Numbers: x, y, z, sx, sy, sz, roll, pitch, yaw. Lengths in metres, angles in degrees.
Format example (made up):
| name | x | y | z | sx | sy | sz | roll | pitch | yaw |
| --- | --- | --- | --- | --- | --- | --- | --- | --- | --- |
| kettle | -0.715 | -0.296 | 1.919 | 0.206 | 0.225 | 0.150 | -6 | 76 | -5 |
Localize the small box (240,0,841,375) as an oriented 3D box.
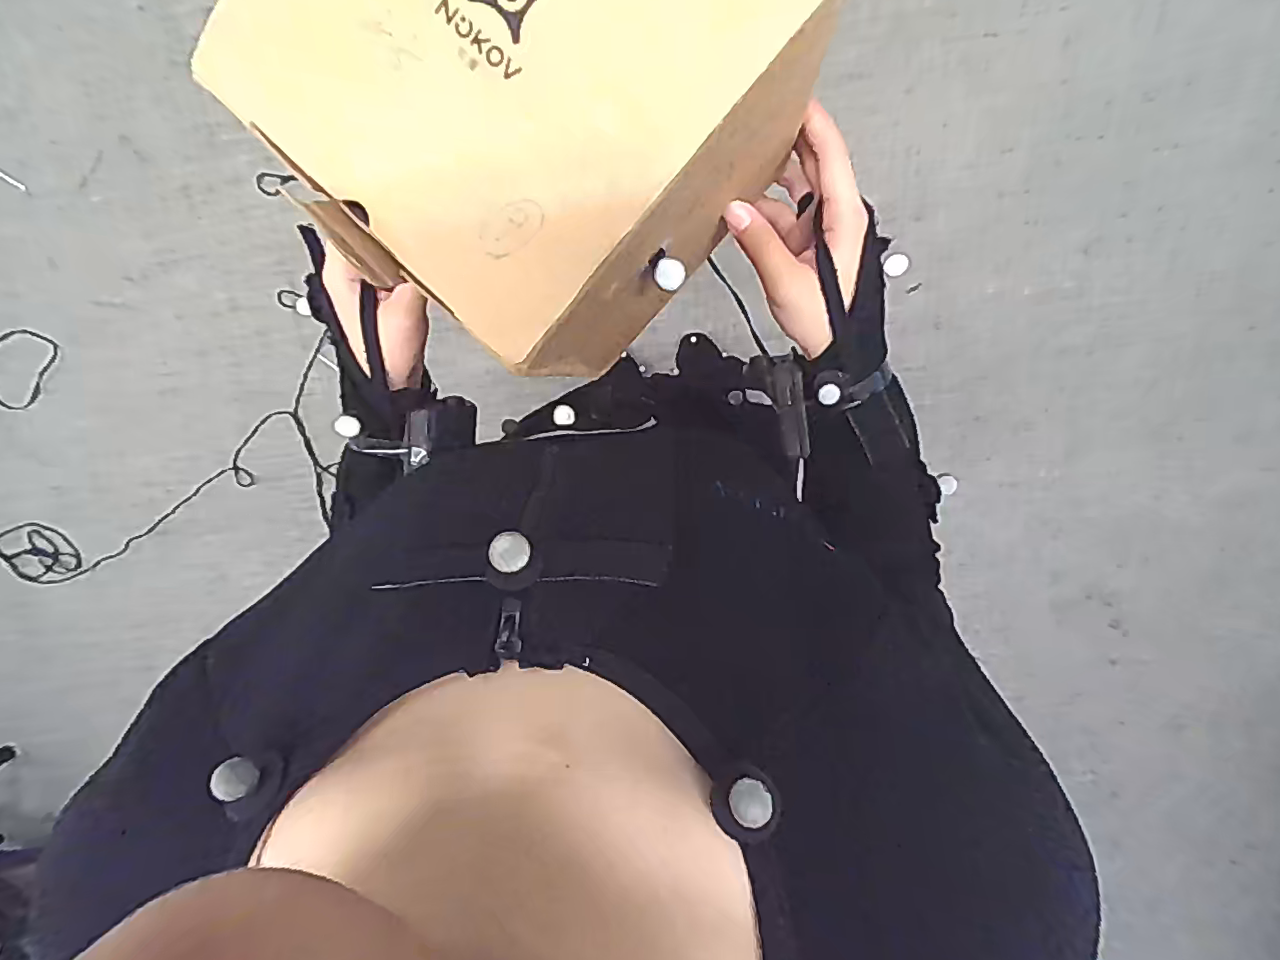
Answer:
| name | x | y | z | sx | sy | sz | roll | pitch | yaw |
| --- | --- | --- | --- | --- | --- | --- | --- | --- | --- |
| small box | -0.034 | -0.170 | 0.276 | 0.168 | 0.176 | 0.179 | 43 | 102 | -2 |
-*-
* THE TASK: Lines from the one containing "Localize the small" through the end of the listing, both included, are to be restated exactly, and pictures are to be left out.

* SOLUTION:
Localize the small box (240,0,841,375) as an oriented 3D box.
Answer:
| name | x | y | z | sx | sy | sz | roll | pitch | yaw |
| --- | --- | --- | --- | --- | --- | --- | --- | --- | --- |
| small box | -0.034 | -0.170 | 0.276 | 0.168 | 0.176 | 0.179 | 43 | 102 | -2 |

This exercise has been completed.